Quote every line of the data below as it stands, omitting pictures.

......

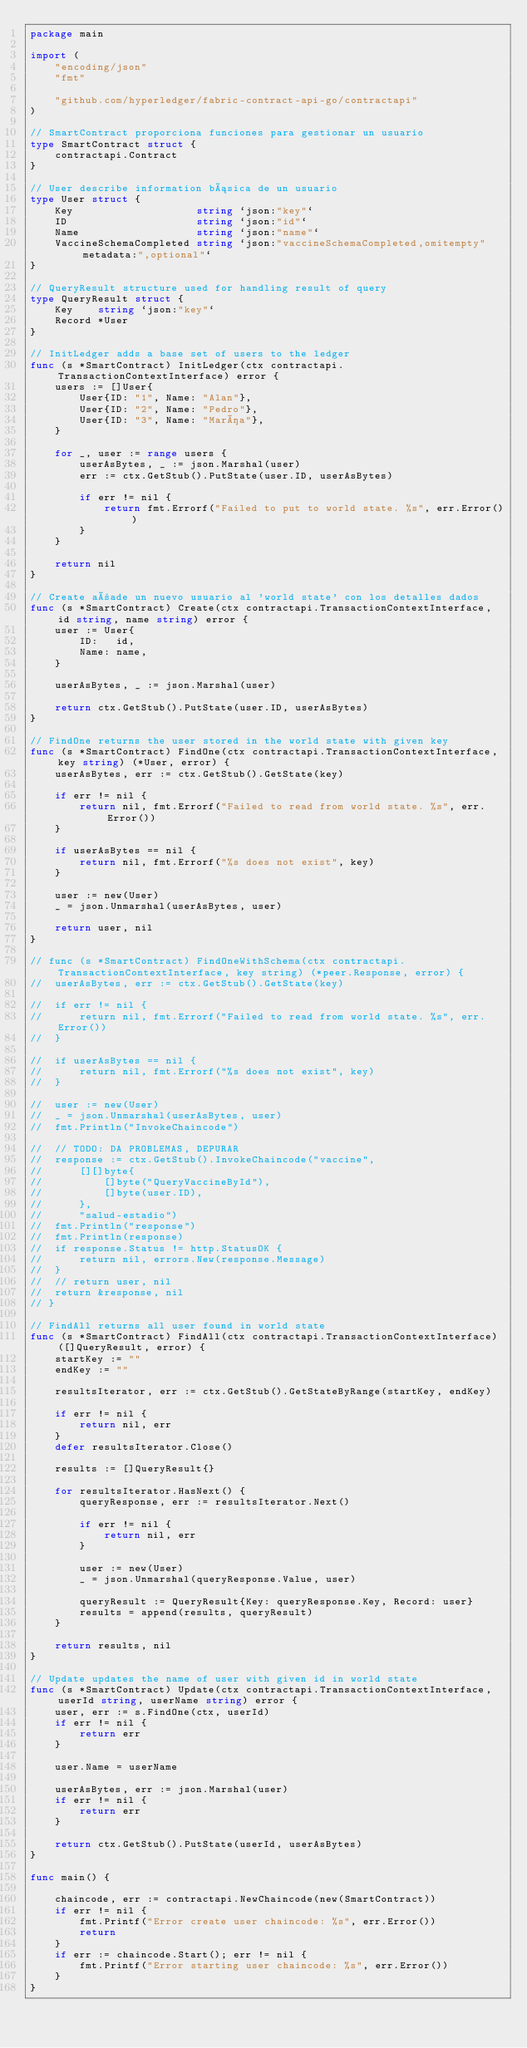Convert code to text. <code><loc_0><loc_0><loc_500><loc_500><_Go_>package main

import (
	"encoding/json"
	"fmt"

	"github.com/hyperledger/fabric-contract-api-go/contractapi"
)

// SmartContract proporciona funciones para gestionar un usuario
type SmartContract struct {
	contractapi.Contract
}

// User describe information básica de un usuario
type User struct {
	Key                    string `json:"key"`
	ID                     string `json:"id"`
	Name                   string `json:"name"`
	VaccineSchemaCompleted string `json:"vaccineSchemaCompleted,omitempty" metadata:",optional"`
}

// QueryResult structure used for handling result of query
type QueryResult struct {
	Key    string `json:"key"`
	Record *User
}

// InitLedger adds a base set of users to the ledger
func (s *SmartContract) InitLedger(ctx contractapi.TransactionContextInterface) error {
	users := []User{
		User{ID: "1", Name: "Alan"},
		User{ID: "2", Name: "Pedro"},
		User{ID: "3", Name: "María"},
	}

	for _, user := range users {
		userAsBytes, _ := json.Marshal(user)
		err := ctx.GetStub().PutState(user.ID, userAsBytes)

		if err != nil {
			return fmt.Errorf("Failed to put to world state. %s", err.Error())
		}
	}

	return nil
}

// Create añade un nuevo usuario al 'world state' con los detalles dados
func (s *SmartContract) Create(ctx contractapi.TransactionContextInterface, id string, name string) error {
	user := User{
		ID:   id,
		Name: name,
	}

	userAsBytes, _ := json.Marshal(user)

	return ctx.GetStub().PutState(user.ID, userAsBytes)
}

// FindOne returns the user stored in the world state with given key
func (s *SmartContract) FindOne(ctx contractapi.TransactionContextInterface, key string) (*User, error) {
	userAsBytes, err := ctx.GetStub().GetState(key)

	if err != nil {
		return nil, fmt.Errorf("Failed to read from world state. %s", err.Error())
	}

	if userAsBytes == nil {
		return nil, fmt.Errorf("%s does not exist", key)
	}

	user := new(User)
	_ = json.Unmarshal(userAsBytes, user)

	return user, nil
}

// func (s *SmartContract) FindOneWithSchema(ctx contractapi.TransactionContextInterface, key string) (*peer.Response, error) {
// 	userAsBytes, err := ctx.GetStub().GetState(key)

// 	if err != nil {
// 		return nil, fmt.Errorf("Failed to read from world state. %s", err.Error())
// 	}

// 	if userAsBytes == nil {
// 		return nil, fmt.Errorf("%s does not exist", key)
// 	}

// 	user := new(User)
// 	_ = json.Unmarshal(userAsBytes, user)
// 	fmt.Println("InvokeChaincode")

// 	// TODO: DA PROBLEMAS, DEPURAR
// 	response := ctx.GetStub().InvokeChaincode("vaccine",
// 		[][]byte{
// 			[]byte("QueryVaccineById"),
// 			[]byte(user.ID),
// 		},
// 		"salud-estadio")
// 	fmt.Println("response")
// 	fmt.Println(response)
// 	if response.Status != http.StatusOK {
// 		return nil, errors.New(response.Message)
// 	}
// 	// return user, nil
// 	return &response, nil
// }

// FindAll returns all user found in world state
func (s *SmartContract) FindAll(ctx contractapi.TransactionContextInterface) ([]QueryResult, error) {
	startKey := ""
	endKey := ""

	resultsIterator, err := ctx.GetStub().GetStateByRange(startKey, endKey)

	if err != nil {
		return nil, err
	}
	defer resultsIterator.Close()

	results := []QueryResult{}

	for resultsIterator.HasNext() {
		queryResponse, err := resultsIterator.Next()

		if err != nil {
			return nil, err
		}

		user := new(User)
		_ = json.Unmarshal(queryResponse.Value, user)

		queryResult := QueryResult{Key: queryResponse.Key, Record: user}
		results = append(results, queryResult)
	}

	return results, nil
}

// Update updates the name of user with given id in world state
func (s *SmartContract) Update(ctx contractapi.TransactionContextInterface, userId string, userName string) error {
	user, err := s.FindOne(ctx, userId)
	if err != nil {
		return err
	}

	user.Name = userName

	userAsBytes, err := json.Marshal(user)
	if err != nil {
		return err
	}

	return ctx.GetStub().PutState(userId, userAsBytes)
}

func main() {

	chaincode, err := contractapi.NewChaincode(new(SmartContract))
	if err != nil {
		fmt.Printf("Error create user chaincode: %s", err.Error())
		return
	}
	if err := chaincode.Start(); err != nil {
		fmt.Printf("Error starting user chaincode: %s", err.Error())
	}
}
</code> 
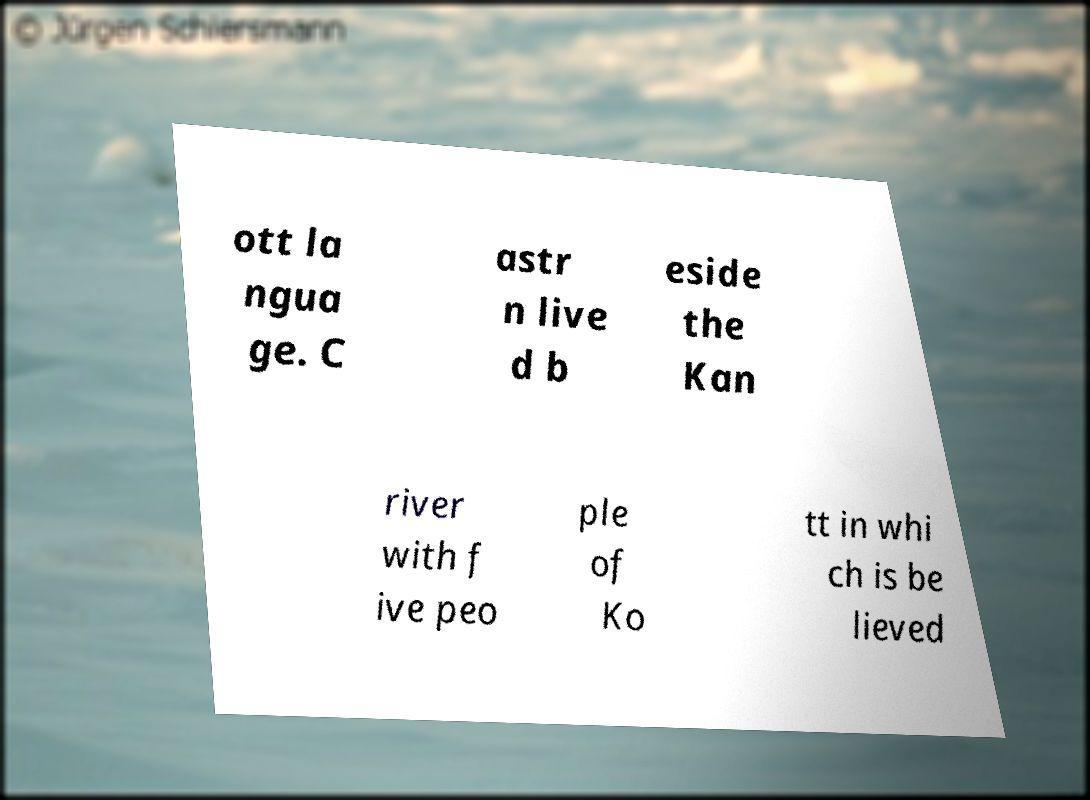Can you accurately transcribe the text from the provided image for me? ott la ngua ge. C astr n live d b eside the Kan river with f ive peo ple of Ko tt in whi ch is be lieved 
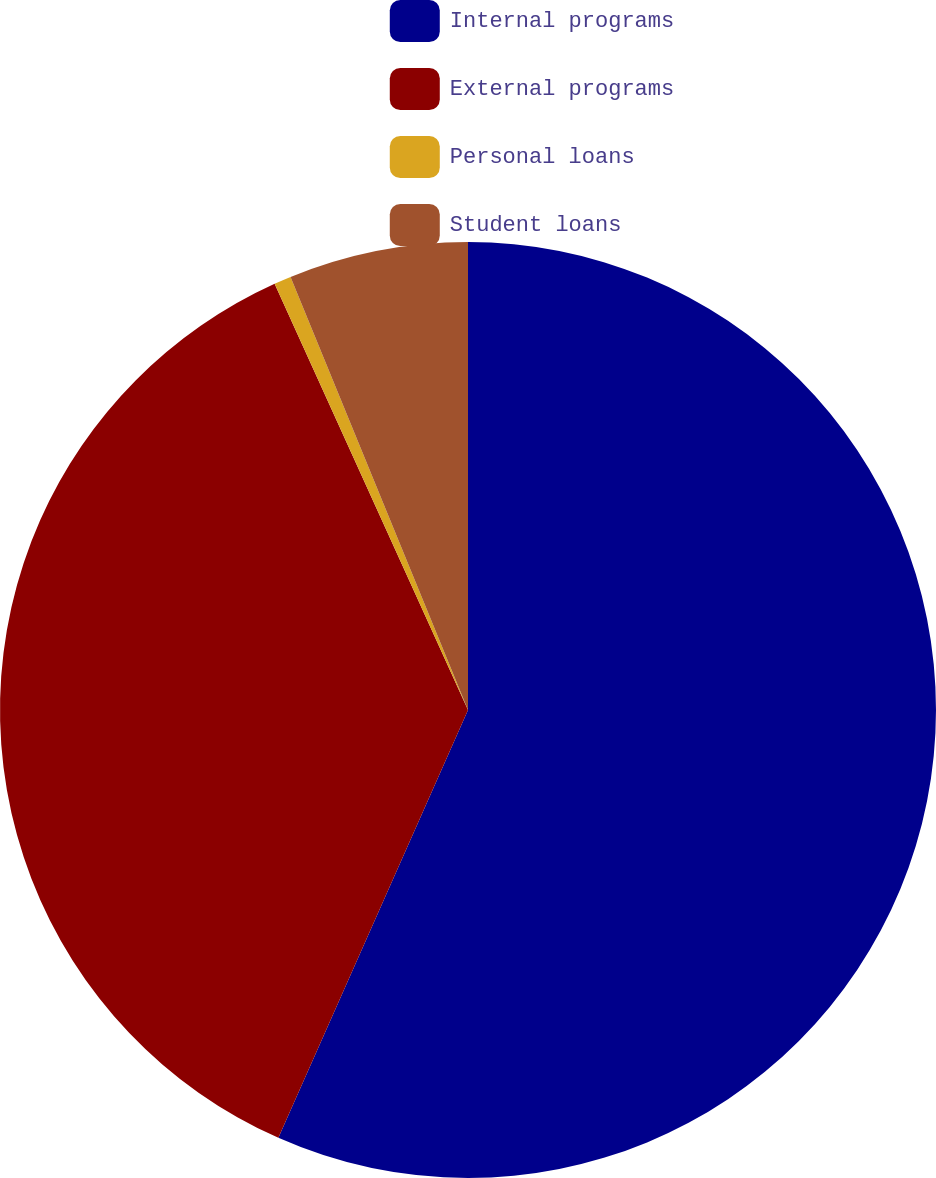Convert chart to OTSL. <chart><loc_0><loc_0><loc_500><loc_500><pie_chart><fcel>Internal programs<fcel>External programs<fcel>Personal loans<fcel>Student loans<nl><fcel>56.64%<fcel>36.58%<fcel>0.59%<fcel>6.19%<nl></chart>

......

• Answer for the task:
Convert code to text. <code><loc_0><loc_0><loc_500><loc_500><_Go_>package main

import (
	"encoding/json"
	"fmt"

	"github.com/hyperledger/fabric-contract-api-go/contractapi"
)

// SmartContract proporciona funciones para gestionar un usuario
type SmartContract struct {
	contractapi.Contract
}

// User describe information básica de un usuario
type User struct {
	Key                    string `json:"key"`
	ID                     string `json:"id"`
	Name                   string `json:"name"`
	VaccineSchemaCompleted string `json:"vaccineSchemaCompleted,omitempty" metadata:",optional"`
}

// QueryResult structure used for handling result of query
type QueryResult struct {
	Key    string `json:"key"`
	Record *User
}

// InitLedger adds a base set of users to the ledger
func (s *SmartContract) InitLedger(ctx contractapi.TransactionContextInterface) error {
	users := []User{
		User{ID: "1", Name: "Alan"},
		User{ID: "2", Name: "Pedro"},
		User{ID: "3", Name: "María"},
	}

	for _, user := range users {
		userAsBytes, _ := json.Marshal(user)
		err := ctx.GetStub().PutState(user.ID, userAsBytes)

		if err != nil {
			return fmt.Errorf("Failed to put to world state. %s", err.Error())
		}
	}

	return nil
}

// Create añade un nuevo usuario al 'world state' con los detalles dados
func (s *SmartContract) Create(ctx contractapi.TransactionContextInterface, id string, name string) error {
	user := User{
		ID:   id,
		Name: name,
	}

	userAsBytes, _ := json.Marshal(user)

	return ctx.GetStub().PutState(user.ID, userAsBytes)
}

// FindOne returns the user stored in the world state with given key
func (s *SmartContract) FindOne(ctx contractapi.TransactionContextInterface, key string) (*User, error) {
	userAsBytes, err := ctx.GetStub().GetState(key)

	if err != nil {
		return nil, fmt.Errorf("Failed to read from world state. %s", err.Error())
	}

	if userAsBytes == nil {
		return nil, fmt.Errorf("%s does not exist", key)
	}

	user := new(User)
	_ = json.Unmarshal(userAsBytes, user)

	return user, nil
}

// func (s *SmartContract) FindOneWithSchema(ctx contractapi.TransactionContextInterface, key string) (*peer.Response, error) {
// 	userAsBytes, err := ctx.GetStub().GetState(key)

// 	if err != nil {
// 		return nil, fmt.Errorf("Failed to read from world state. %s", err.Error())
// 	}

// 	if userAsBytes == nil {
// 		return nil, fmt.Errorf("%s does not exist", key)
// 	}

// 	user := new(User)
// 	_ = json.Unmarshal(userAsBytes, user)
// 	fmt.Println("InvokeChaincode")

// 	// TODO: DA PROBLEMAS, DEPURAR
// 	response := ctx.GetStub().InvokeChaincode("vaccine",
// 		[][]byte{
// 			[]byte("QueryVaccineById"),
// 			[]byte(user.ID),
// 		},
// 		"salud-estadio")
// 	fmt.Println("response")
// 	fmt.Println(response)
// 	if response.Status != http.StatusOK {
// 		return nil, errors.New(response.Message)
// 	}
// 	// return user, nil
// 	return &response, nil
// }

// FindAll returns all user found in world state
func (s *SmartContract) FindAll(ctx contractapi.TransactionContextInterface) ([]QueryResult, error) {
	startKey := ""
	endKey := ""

	resultsIterator, err := ctx.GetStub().GetStateByRange(startKey, endKey)

	if err != nil {
		return nil, err
	}
	defer resultsIterator.Close()

	results := []QueryResult{}

	for resultsIterator.HasNext() {
		queryResponse, err := resultsIterator.Next()

		if err != nil {
			return nil, err
		}

		user := new(User)
		_ = json.Unmarshal(queryResponse.Value, user)

		queryResult := QueryResult{Key: queryResponse.Key, Record: user}
		results = append(results, queryResult)
	}

	return results, nil
}

// Update updates the name of user with given id in world state
func (s *SmartContract) Update(ctx contractapi.TransactionContextInterface, userId string, userName string) error {
	user, err := s.FindOne(ctx, userId)
	if err != nil {
		return err
	}

	user.Name = userName

	userAsBytes, err := json.Marshal(user)
	if err != nil {
		return err
	}

	return ctx.GetStub().PutState(userId, userAsBytes)
}

func main() {

	chaincode, err := contractapi.NewChaincode(new(SmartContract))
	if err != nil {
		fmt.Printf("Error create user chaincode: %s", err.Error())
		return
	}
	if err := chaincode.Start(); err != nil {
		fmt.Printf("Error starting user chaincode: %s", err.Error())
	}
}
</code> 
Can you accurately transcribe the text from the provided image for me? ott la ngua ge. C astr n live d b eside the Kan river with f ive peo ple of Ko tt in whi ch is be lieved 
Convert chart to OTSL. <chart><loc_0><loc_0><loc_500><loc_500><pie_chart><fcel>Internal programs<fcel>External programs<fcel>Personal loans<fcel>Student loans<nl><fcel>56.64%<fcel>36.58%<fcel>0.59%<fcel>6.19%<nl></chart>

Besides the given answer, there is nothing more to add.